News last week that Christopher Reeve could move his fingers and toes gave hope to thousands of patients with complete paralysis.
But nearly half of patients with spinal cord injury are partially paralyzed, and recent advances in rehabilitation are helping hundreds of these patients actually walk.
These less severe injuries are also known as "incomplete," meaning the patients have some type of sensation or motion below where their injury occurred. This differs from a "complete" injury, where there is no sensation in the paralyzed area at all.
"A great deal can be done with individuals who have incomplete injuries, in terms of improving their function," said Dr. John McDonald, director of the spinal cord injury program at Washington University School of Medicine in St. Louis, Mo and also one of Christopher Reeve's doctors. "I think it would be a rare case where something could not be done at all."

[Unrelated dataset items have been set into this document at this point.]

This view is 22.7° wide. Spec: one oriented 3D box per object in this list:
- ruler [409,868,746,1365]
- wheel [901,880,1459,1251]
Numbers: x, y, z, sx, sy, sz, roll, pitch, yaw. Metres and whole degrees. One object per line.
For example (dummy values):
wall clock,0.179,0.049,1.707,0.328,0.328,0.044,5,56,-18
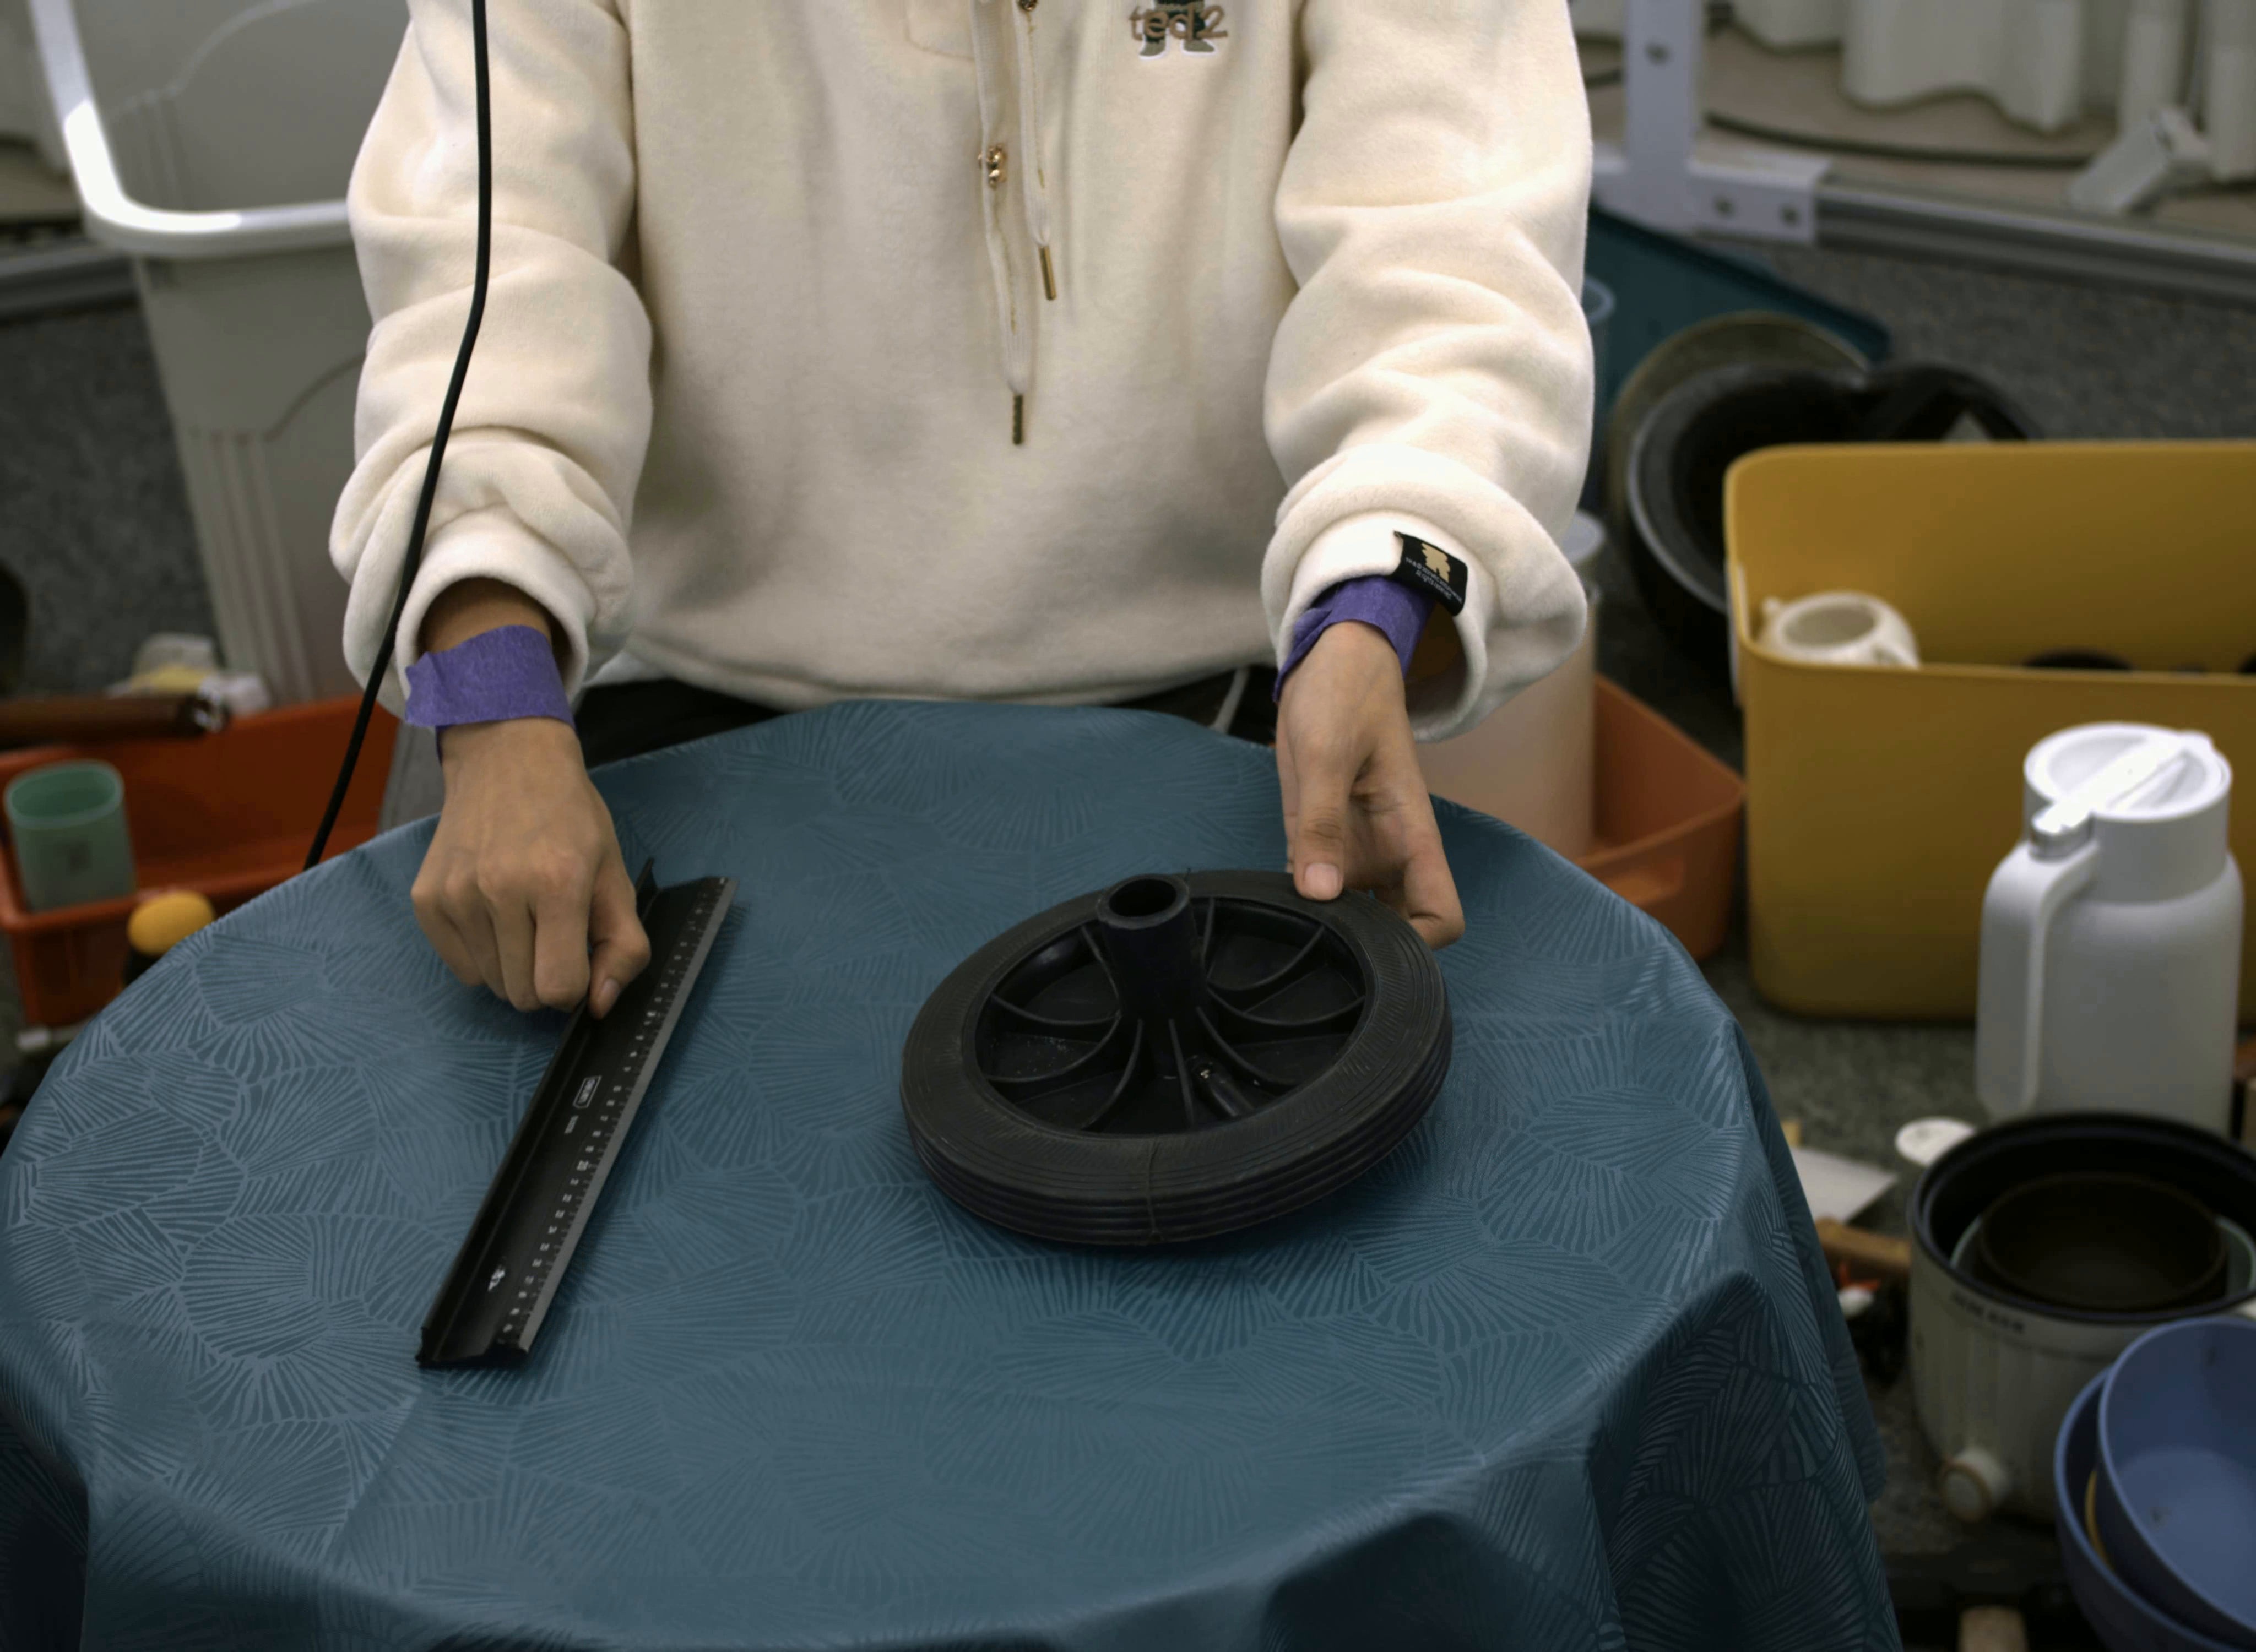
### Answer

Some medical centers across the country even make a point of focusing on treating these patients.
"The kind of movement that you saw with Christopher Reeve, that would not be a goal for us," said Edelle Field-Fote, assistant professor in the division of physical therapy at the University of Miami School of Medicine. "We don't only want patients to be able to move their leg — we want them to be able to move their leg in a way that means that they can now walk."
Making Strides with Small Steps
Rehabilitative therapy has proved successful at improving function in many patients with partial paralysis. The type of therapy that is currently leading the pack is called body weight supported treadmill training. With this system the patient is placed in a harness that is suspended over a treadmill. A therapist then moves the patient's legs to help "reteach" them how to walk.
"This allows us to begin exercising people who do not have enough muscle function to support their weight," said Field-Fote. "In traditional therapy, if the person can't support their own weight, then they can't begin walking training."
While few large-scale, multi-center studies have been conducted to determine the effectiveness of rehabilitation, therapists and patients have been impressed with the changes. Not only does the exercise improve the patient's cardiovascular health and overall well-being, some are even able to take steps and walk short distances on their own after sticking with this extensive program.
However, this treatment is often tiring for therapists themselves who have to be involved manually with every step. For this reason, a new robotic system is being introduced at several medical centers around the country that automatically moves the legs for the patient.
An even more significant problem with body weight supported therapy is that it's not available for all people, since it can only be administered at a medical center.
"What we need to do is to develop therapies that can be delivered in the home that are cost-effective but more importantly time-effective," said McDonald. "Individuals who have a disability don't have time to go down to a center three times a week. They are usually more limited by time than they are by money."
On the Horizon
As for current research, there are several areas that are being explored aggressively in an attempt to regenerate the nerves of the spine in the hope of reversing paralysis.
Naomi Kleitman, program director of spinal cord injury research at the National Institute of Neurological Disorders and Stroke in Bethesda, Md, said there are three areas that hold the most promise in this area: placing fetal tissue in the spinal cord to see if it can act as a relay or a bridge; moving cells from the arm or leg to the spine; and inserting cells from the eye in the spine
"However, none of these concepts has been brought to humans yet," said Kleitman. "The research in animals is promising but still begs questions for how this can safely be brought to humans. We don't want pain to replace the paralysis."
"Very credible places all over the world have shown that you can reconnect areas of the spinal cord [in animals] that are physically disconnected anatomically or are very badly damaged, and you can bring function back," said Dr. Barth Green, president and founder of the Miami Project to Cure Paralysis at the University of Miami. "The challenge that we are facing now is what's the best approach — is it stem cells, is it fetal cells, etc."
The question of how far researchers are from using these therapies in humans is one they are often asked.
"My message to the patients and families is for the first time we can say that we have things in the human experimental pipeline, and that it is going to get better from here," said Dr. Daniel Lammertse, president of the American Spinal Injury Association and medical director of Craig Hospital in Englewood, Colo. "Is it going to happen fast enough for anybody? No. Should we be optimistic? Yes. Is it going to happen tomorrow? Unfortunately, no."